# [Exercise directions]
Copy the records. Keep every line exactly as it is.

Stored data:
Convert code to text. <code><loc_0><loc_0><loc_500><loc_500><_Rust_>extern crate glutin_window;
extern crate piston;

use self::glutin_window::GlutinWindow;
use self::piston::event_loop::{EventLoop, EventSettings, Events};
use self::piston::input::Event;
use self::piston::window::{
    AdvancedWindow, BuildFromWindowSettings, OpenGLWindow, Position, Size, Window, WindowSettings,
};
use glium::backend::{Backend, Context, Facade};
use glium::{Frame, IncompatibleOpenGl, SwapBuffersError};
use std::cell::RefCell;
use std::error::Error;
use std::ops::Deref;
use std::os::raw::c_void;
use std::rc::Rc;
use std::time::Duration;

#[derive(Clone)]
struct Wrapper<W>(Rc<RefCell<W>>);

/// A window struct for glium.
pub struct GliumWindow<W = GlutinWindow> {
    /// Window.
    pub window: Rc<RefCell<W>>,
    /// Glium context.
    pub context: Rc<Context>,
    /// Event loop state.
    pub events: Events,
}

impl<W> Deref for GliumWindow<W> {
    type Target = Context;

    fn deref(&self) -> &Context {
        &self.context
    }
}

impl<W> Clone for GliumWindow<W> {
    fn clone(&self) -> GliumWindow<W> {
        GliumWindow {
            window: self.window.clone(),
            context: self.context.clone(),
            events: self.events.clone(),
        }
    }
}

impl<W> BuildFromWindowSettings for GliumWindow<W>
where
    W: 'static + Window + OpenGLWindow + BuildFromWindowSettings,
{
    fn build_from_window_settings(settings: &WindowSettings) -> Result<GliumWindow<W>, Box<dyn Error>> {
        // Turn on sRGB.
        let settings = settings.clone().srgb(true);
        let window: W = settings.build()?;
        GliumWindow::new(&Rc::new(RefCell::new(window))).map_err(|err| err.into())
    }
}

# [Result of this task]
Convert code to text. <code><loc_0><loc_0><loc_500><loc_500><_Rust_>extern crate glutin_window;
extern crate piston;

use self::glutin_window::GlutinWindow;
use self::piston::event_loop::{EventLoop, EventSettings, Events};
use self::piston::input::Event;
use self::piston::window::{
    AdvancedWindow, BuildFromWindowSettings, OpenGLWindow, Position, Size, Window, WindowSettings,
};
use glium::backend::{Backend, Context, Facade};
use glium::{Frame, IncompatibleOpenGl, SwapBuffersError};
use std::cell::RefCell;
use std::error::Error;
use std::ops::Deref;
use std::os::raw::c_void;
use std::rc::Rc;
use std::time::Duration;

#[derive(Clone)]
struct Wrapper<W>(Rc<RefCell<W>>);

/// A window struct for glium.
pub struct GliumWindow<W = GlutinWindow> {
    /// Window.
    pub window: Rc<RefCell<W>>,
    /// Glium context.
    pub context: Rc<Context>,
    /// Event loop state.
    pub events: Events,
}

impl<W> Deref for GliumWindow<W> {
    type Target = Context;

    fn deref(&self) -> &Context {
        &self.context
    }
}

impl<W> Clone for GliumWindow<W> {
    fn clone(&self) -> GliumWindow<W> {
        GliumWindow {
            window: self.window.clone(),
            context: self.context.clone(),
            events: self.events.clone(),
        }
    }
}

impl<W> BuildFromWindowSettings for GliumWindow<W>
where
    W: 'static + Window + OpenGLWindow + BuildFromWindowSettings,
{
    fn build_from_window_settings(settings: &WindowSettings) -> Result<GliumWindow<W>, Box<dyn Error>> {
        // Turn on sRGB.
        let settings = settings.clone().srgb(true);
        let window: W = settings.build()?;
        GliumWindow::new(&Rc::new(RefCell::new(window))).map_err(|err| err.into())
    }
}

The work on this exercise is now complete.